# XML editor/browser for OS X



## artov (Mar 1, 2008)

Is there any free XML editor/browser than can edit quite large (tens of megabytes) XML files, with built in XSLT support? Actually what I am looking for is Microsoft's XML Notepad 2007, but for OS X !


----------



## Captain Code (Mar 1, 2008)

I haven't found anything good.  There's some simple programs such as XSLPalette which can do the XSL transformation for you but the editor I've been using is TextMate.  There's also a free XSL and XML plugin for TextMate that allows you to do validation against a schema and do the XSL transformation but I haven't found any good native OS X XML editors like there are on Windows.  Actually I was somewhat considering creating one some day but that's going to be quite a bit of work.


----------



## Ghoun (Apr 11, 2008)

I use Editix: http://www.editix.com/ (starting from 70$, there was a cheaper version a few weeks ago)
Also a free version: http://free.editix.com/

Nice soft: stable easy to use for edition and schema/DTD validation (I don't use more)

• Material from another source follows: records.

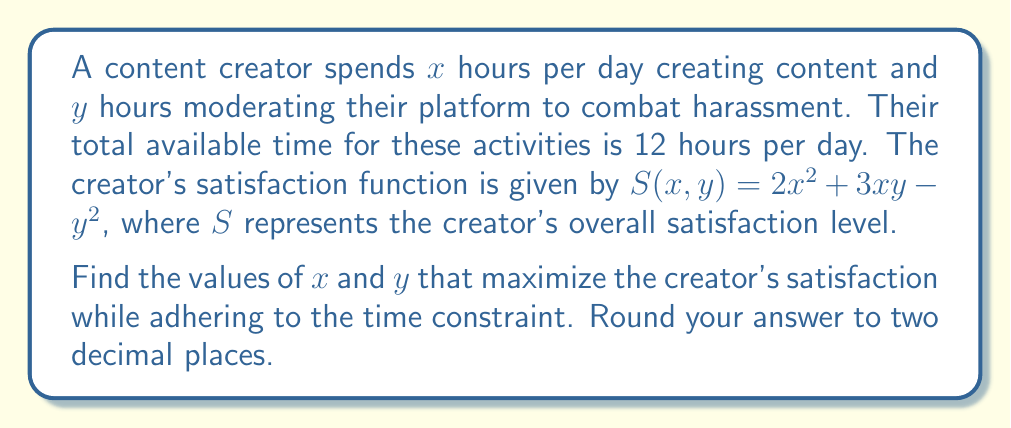Solve this math problem. To solve this optimization problem, we'll use the method of Lagrange multipliers:

1) First, we set up the constraint equation:
   $x + y = 12$

2) Now, we define the Lagrangian function:
   $L(x, y, \lambda) = 2x^2 + 3xy - y^2 - \lambda(x + y - 12)$

3) We take partial derivatives and set them equal to zero:
   $$\frac{\partial L}{\partial x} = 4x + 3y - \lambda = 0$$
   $$\frac{\partial L}{\partial y} = 3x - 2y - \lambda = 0$$
   $$\frac{\partial L}{\partial \lambda} = x + y - 12 = 0$$

4) From the first two equations:
   $4x + 3y = \lambda$ and $3x - 2y = \lambda$
   Subtracting these equations:
   $x + 5y = 0$

5) Substituting this into the constraint equation:
   $x + y = 12$
   $(-5y) + y = 12$
   $-4y = 12$
   $y = -3$

6) Substituting back:
   $x = -5y = -5(-3) = 15$

7) However, since $x$ and $y$ represent time, they can't be negative. The constraint $x + y = 12$ also means $x$ can't exceed 12. Therefore, we need to check the endpoints of our feasible region:

   At $(0, 12)$: $S = 0 + 0 - 144 = -144$
   At $(12, 0)$: $S = 2(144) + 0 - 0 = 288$

8) The maximum satisfaction occurs at $(12, 0)$.
Answer: $x = 12.00$, $y = 0.00$

support also XPath and XSLT.


----------



## artov (Apr 16, 2008)

I tried the free version, but could not use xpaths; it seems you need the commercial version for that. I use XML/Notepad mainly in developing xpaths that will be embedded to code (XSL or otherwise), so an XML tool without xpath is no tool for me.


----------



## simbalala (Apr 16, 2008)

Have a look at BBEdit, there's a demo available and there are many third party extensions.

Maybe you'll like it but it's not free.


----------